Les scrutins des 14 et 28 mai prochains placent le pays devant un choix de civilisation.
Cent ans après la fondation de la République par Mustafa Kemal Atatürk, la Turquie s’apprête à connaître, les 14 et 28 mai – en cas de second tour – , une élection présidentielle historique. Elle ne constitue pas seulement un référendum sur Recep Tayyip Erdogan. Elle place la Turquie devant un choix de civilisation : soit le basculement définitif vers une forme de pouvoir à vie, un régime autoritaire inspiré de la Russie de Vladimir Poutine, ainsi que vers une alliance de plus en plus resserrée avec les empires chinois et russe ; soit le retour à la démocratie avec le rétablissement de l’État de droit et des libertés fondamentales, l’indépendance de la justice et des médias, la neutralité de l’enseignement, l’ouverture à l’Occident. À bien des égards, la Turquie de 2023 se trouve dans une situation comparable à celle de l’Allemagne de 1933.

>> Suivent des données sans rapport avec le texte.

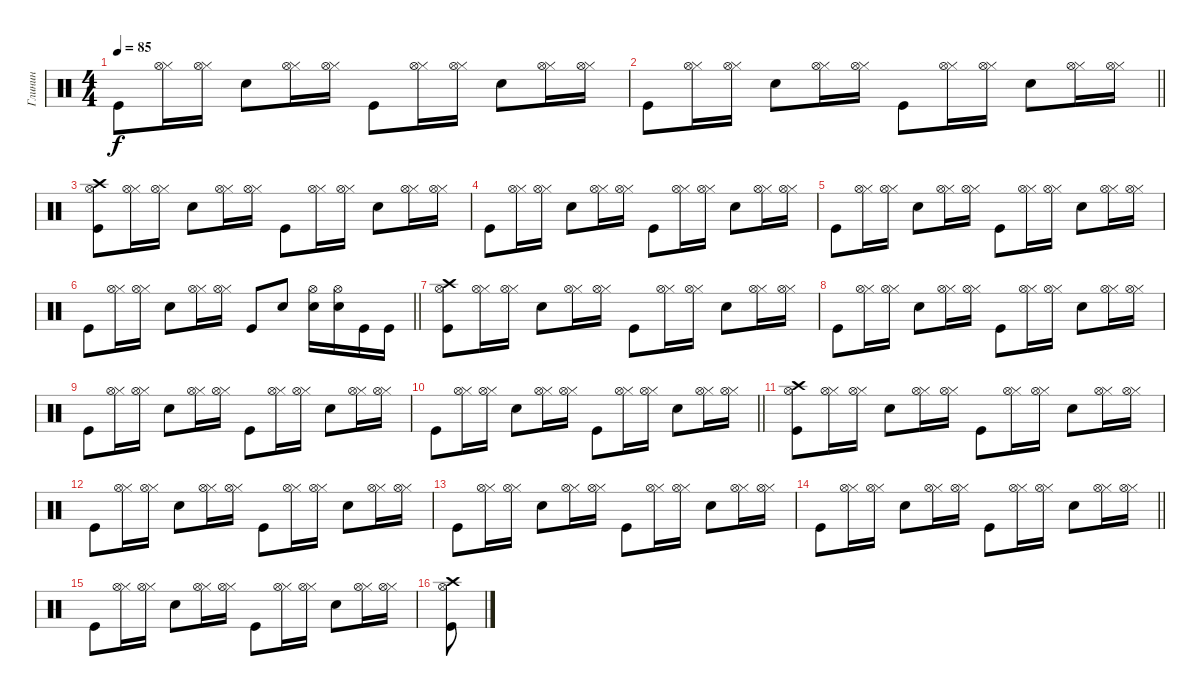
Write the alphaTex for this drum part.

\track ("Глинин" "Глинин") {instrument percussion}
\staff {score}
\articulation defaults
\ts (4 4)
\tempo 85
\clef neutral
\ks c "Kick (hit)".8{dy f}
("Hi-Hat (closed)" "Hi-Hat (open)").16 ("Hi-Hat (closed)" "Hi-Hat (open)").16 "Snare (hit) 2".8 ("Hi-Hat (closed)" "Hi-Hat (open)").16 ("Hi-Hat (closed)" "Hi-Hat (open)").16 "Kick (hit)".8 ("Hi-Hat (closed)" "Hi-Hat (open)").16 ("Hi-Hat (closed)" "Hi-Hat (open)").16 "Snare (hit) 2".8 ("Hi-Hat (closed)" "Hi-Hat (open)").16 ("Hi-Hat (closed)" "Hi-Hat (open)").16 |
\barLineRight lightlight "Kick (hit)".8
("Hi-Hat (closed)" "Hi-Hat (open)").16 ("Hi-Hat (closed)" "Hi-Hat (open)").16 "Snare (hit) 2".8 ("Hi-Hat (closed)" "Hi-Hat (open)").16 ("Hi-Hat (closed)" "Hi-Hat (open)").16 "Kick (hit)".8 ("Hi-Hat (closed)" "Hi-Hat (open)").16 ("Hi-Hat (closed)" "Hi-Hat (open)").16 "Snare (hit) 2".8 ("Hi-Hat (closed)" "Hi-Hat (open)").16 ("Hi-Hat (closed)" "Hi-Hat (open)").16 |
("Kick (hit)" "Hi-Hat (open)" "Crash high (hit)").8 ("Hi-Hat (closed)" "Hi-Hat (open)").16 ("Hi-Hat (closed)" "Hi-Hat (open)").16 "Snare (hit) 2".8 ("Hi-Hat (closed)" "Hi-Hat (open)").16 ("Hi-Hat (closed)" "Hi-Hat (open)").16 "Kick (hit)".8 ("Hi-Hat (closed)" "Hi-Hat (open)").16 ("Hi-Hat (closed)" "Hi-Hat (open)").16 "Snare (hit) 2".8 ("Hi-Hat (closed)" "Hi-Hat (open)").16 ("Hi-Hat (closed)" "Hi-Hat (open)").16 |
"Kick (hit)".8 ("Hi-Hat (closed)" "Hi-Hat (open)").16 ("Hi-Hat (closed)" "Hi-Hat (open)").16 "Snare (hit) 2".8 ("Hi-Hat (closed)" "Hi-Hat (open)").16 ("Hi-Hat (closed)" "Hi-Hat (open)").16 "Kick (hit)".8 ("Hi-Hat (closed)" "Hi-Hat (open)").16 ("Hi-Hat (closed)" "Hi-Hat (open)").16 "Snare (hit) 2".8 ("Hi-Hat (closed)" "Hi-Hat (open)").16 ("Hi-Hat (closed)" "Hi-Hat (open)").16 |
"Kick (hit)".8 ("Hi-Hat (closed)" "Hi-Hat (open)").16 ("Hi-Hat (closed)" "Hi-Hat (open)").16 "Snare (hit) 2".8 ("Hi-Hat (closed)" "Hi-Hat (open)").16 ("Hi-Hat (closed)" "Hi-Hat (open)").16 "Kick (hit)".8 ("Hi-Hat (closed)" "Hi-Hat (open)").16 ("Hi-Hat (closed)" "Hi-Hat (open)").16 "Snare (hit) 2".8 ("Hi-Hat (closed)" "Hi-Hat (open)").16 ("Hi-Hat (closed)" "Hi-Hat (open)").16 |
\barLineRight lightlight "Kick (hit)".8
("Hi-Hat (closed)" "Hi-Hat (open)").16 ("Hi-Hat (closed)" "Hi-Hat (open)").16 "Snare (hit) 2".8 ("Hi-Hat (closed)" "Hi-Hat (open)").16 ("Hi-Hat (closed)" "Hi-Hat (open)").16 "Kick (hit)".8 "Snare (hit) 2".8 ("Snare (hit) 2" "Hi-Hat (open)").16 ("Snare (hit) 2" "Hi-Hat (open)").16 "Kick (hit)".16 "Kick (hit)".16 |
("Kick (hit)" "Hi-Hat (open)" "Crash high (hit)").8 ("Hi-Hat (closed)" "Hi-Hat (open)").16 ("Hi-Hat (closed)" "Hi-Hat (open)").16 "Snare (hit) 2".8 ("Hi-Hat (closed)" "Hi-Hat (open)").16 ("Hi-Hat (closed)" "Hi-Hat (open)").16 "Kick (hit)".8 ("Hi-Hat (closed)" "Hi-Hat (open)").16 ("Hi-Hat (closed)" "Hi-Hat (open)").16 "Snare (hit) 2".8 ("Hi-Hat (closed)" "Hi-Hat (open)").16 ("Hi-Hat (closed)" "Hi-Hat (open)").16 |
"Kick (hit)".8 ("Hi-Hat (closed)" "Hi-Hat (open)").16 ("Hi-Hat (closed)" "Hi-Hat (open)").16 "Snare (hit) 2".8 ("Hi-Hat (closed)" "Hi-Hat (open)").16 ("Hi-Hat (closed)" "Hi-Hat (open)").16 "Kick (hit)".8 ("Hi-Hat (closed)" "Hi-Hat (open)").16 ("Hi-Hat (closed)" "Hi-Hat (open)").16 "Snare (hit) 2".8 ("Hi-Hat (closed)" "Hi-Hat (open)").16 ("Hi-Hat (closed)" "Hi-Hat (open)").16 |
"Kick (hit)".8 ("Hi-Hat (closed)" "Hi-Hat (open)").16 ("Hi-Hat (closed)" "Hi-Hat (open)").16 "Snare (hit) 2".8 ("Hi-Hat (closed)" "Hi-Hat (open)").16 ("Hi-Hat (closed)" "Hi-Hat (open)").16 "Kick (hit)".8 ("Hi-Hat (closed)" "Hi-Hat (open)").16 ("Hi-Hat (closed)" "Hi-Hat (open)").16 "Snare (hit) 2".8 ("Hi-Hat (closed)" "Hi-Hat (open)").16 ("Hi-Hat (closed)" "Hi-Hat (open)").16 |
\barLineRight lightlight "Kick (hit)".8
("Hi-Hat (closed)" "Hi-Hat (open)").16 ("Hi-Hat (closed)" "Hi-Hat (open)").16 "Snare (hit) 2".8 ("Hi-Hat (closed)" "Hi-Hat (open)").16 ("Hi-Hat (closed)" "Hi-Hat (open)").16 "Kick (hit)".8 ("Hi-Hat (closed)" "Hi-Hat (open)").16 ("Hi-Hat (closed)" "Hi-Hat (open)").16 "Snare (hit) 2".8 ("Hi-Hat (closed)" "Hi-Hat (open)").16 ("Hi-Hat (closed)" "Hi-Hat (open)").16 |
("Kick (hit)" "Hi-Hat (open)" "Crash high (hit)").8 ("Hi-Hat (closed)" "Hi-Hat (open)").16 ("Hi-Hat (closed)" "Hi-Hat (open)").16 "Snare (hit) 2".8 ("Hi-Hat (closed)" "Hi-Hat (open)").16 ("Hi-Hat (closed)" "Hi-Hat (open)").16 "Kick (hit)".8 ("Hi-Hat (closed)" "Hi-Hat (open)").16 ("Hi-Hat (closed)" "Hi-Hat (open)").16 "Snare (hit) 2".8 ("Hi-Hat (closed)" "Hi-Hat (open)").16 ("Hi-Hat (closed)" "Hi-Hat (open)").16 |
"Kick (hit)".8 ("Hi-Hat (closed)" "Hi-Hat (open)").16 ("Hi-Hat (closed)" "Hi-Hat (open)").16 "Snare (hit) 2".8 ("Hi-Hat (closed)" "Hi-Hat (open)").16 ("Hi-Hat (closed)" "Hi-Hat (open)").16 "Kick (hit)".8 ("Hi-Hat (closed)" "Hi-Hat (open)").16 ("Hi-Hat (closed)" "Hi-Hat (open)").16 "Snare (hit) 2".8 ("Hi-Hat (closed)" "Hi-Hat (open)").16 ("Hi-Hat (closed)" "Hi-Hat (open)").16 |
"Kick (hit)".8 ("Hi-Hat (closed)" "Hi-Hat (open)").16 ("Hi-Hat (closed)" "Hi-Hat (open)").16 "Snare (hit) 2".8 ("Hi-Hat (closed)" "Hi-Hat (open)").16 ("Hi-Hat (closed)" "Hi-Hat (open)").16 "Kick (hit)".8 ("Hi-Hat (closed)" "Hi-Hat (open)").16 ("Hi-Hat (closed)" "Hi-Hat (open)").16 "Snare (hit) 2".8 ("Hi-Hat (closed)" "Hi-Hat (open)").16 ("Hi-Hat (closed)" "Hi-Hat (open)").16 |
\barLineRight lightlight "Kick (hit)".8
("Hi-Hat (closed)" "Hi-Hat (open)").16 ("Hi-Hat (closed)" "Hi-Hat (open)").16 "Snare (hit) 2".8 ("Hi-Hat (closed)" "Hi-Hat (open)").16 ("Hi-Hat (closed)" "Hi-Hat (open)").16 "Kick (hit)".8 ("Hi-Hat (closed)" "Hi-Hat (open)").16 ("Hi-Hat (closed)" "Hi-Hat (open)").16 "Snare (hit) 2".8 ("Hi-Hat (closed)" "Hi-Hat (open)").16 ("Hi-Hat (closed)" "Hi-Hat (open)").16 |
"Kick (hit)".8 ("Hi-Hat (closed)" "Hi-Hat (open)").16 ("Hi-Hat (closed)" "Hi-Hat (open)").16 "Snare (hit) 2".8 ("Hi-Hat (closed)" "Hi-Hat (open)").16 ("Hi-Hat (closed)" "Hi-Hat (open)").16 "Kick (hit)".8 ("Hi-Hat (closed)" "Hi-Hat (open)").16 ("Hi-Hat (closed)" "Hi-Hat (open)").16 "Snare (hit) 2".8 ("Hi-Hat (closed)" "Hi-Hat (open)").16 ("Hi-Hat (closed)" "Hi-Hat (open)").16 |
("Kick (hit)" "Hi-Hat (open)" "Crash high (hit)").8

Recep Tayyip Erdogan est prêt à tout pour se maintenir au pouvoir. Il a dénaturé les institutions, corrompu l’État et instauré une terreur larvée, n’hésitant pas à emprisonner ses opposants ou les contraindre à l’exil, à purger la fonction publique et l’armée. Il a fait campagne en puisant largement dans les caisses d’un État exsangue, augmentant le traitement des fonctionnaires de 30 % et le salaire minimum de 200 % depuis décembre 2021, offrant le droit à une préretraite à plus de 2 millions de personnes. Il a instrumentalisé la politique étrangère en persécutant les Kurdes et les Arméniens pour faire diversion à ses échecs intérieurs.
Pourtant, pour la première fois depuis 2014, Recep Tayyip Erdogan peut être battu. Sa campagne est perturbée par son état de santé précaire, occulté pour entretenir le culte de la personnalité dont il fait l’objet. Il fait surtout face à une opposition structurée et déterminée, unie autour de Kemal Kiliçdaroglu, le « Gandhi turc » issu de la minorité alévie, homme intègre, économiste reconnu et personnalité respectée, qui dirige le parti kémaliste CHP. Kemal Kiliçdaroglu fait la course en tête et dispose d’une avance significative dans les sondages. Il devra cependant surmonter l’obstacle d’une loi électorale d’avril 2022 taillée sur mesure pour Recep Tayyip Erdogan et déjouer les risques de fraude. L’État AKP qui quadrille le pays et la société ne manquera notamment pas de manipuler le vote des 3,5 millions de personnes déplacées à la suite du tremblement de terre du 6 février.
L’espoir d’une victoire de Kemal Kiliçdaroglu et d’un sursaut démocratique reste réel. Il est entretenu par le bilan calamiteux de Recep Tayyip Erdogan.
La volonté du président Erdogan de favoriser la croissance à tout prix débouche sur une crise monétaire, financière et sociale d’une rare violence. L’inflation a été officiellement ramenée de 85 % à 50 %, mais dépasse en réalité 150 % par an. La paupérisation de la population galope, avec un chômage qui touche 23 % de la population active et une chute du revenu par tête de 12 600 à 7 500 dollars en dix ans. Le déficit de la balance courante (5 % du PIB) et la fuite des capitaux se sont emballés, provoquant l’effondrement de la livre qui a perdu plus de 70 % de sa valeur depuis un an, alors que la dette extérieure dépasse 460 milliards de dollars. La Turquie va donc droit au défaut financier, qu’elle n’a évité que par les prêts d’urgence qui lui ont été accordés par la Russie, l’Arabie saoudite et le Qatar pour voler au secours d’Erdogan.
Le séisme du 6 février, qui a provoqué plus de 50 000 morts, a fait la vérité sur l’inefficacité et la corruption de l’État AKP. La prise de contrôle de l’État par les religieux et sa corruption expliquent aussi la désorganisation totale des secours, qui ont abandonné les victimes et les réfugiés à eux-mêmes.
Enfin, Recep Tayyip Erdogan a utilisé la tentative manquée de coup d’État du 15 juillet 2016 pour liquider la démocratie et les institutions de l’État de droit.
Les 85 millions de Turcs sont soumis à l’arbitraire du reis et de son parti, qui ont suspendu les libertés publiques et établi leur mainmise sur l’économie, les médias et l’Université.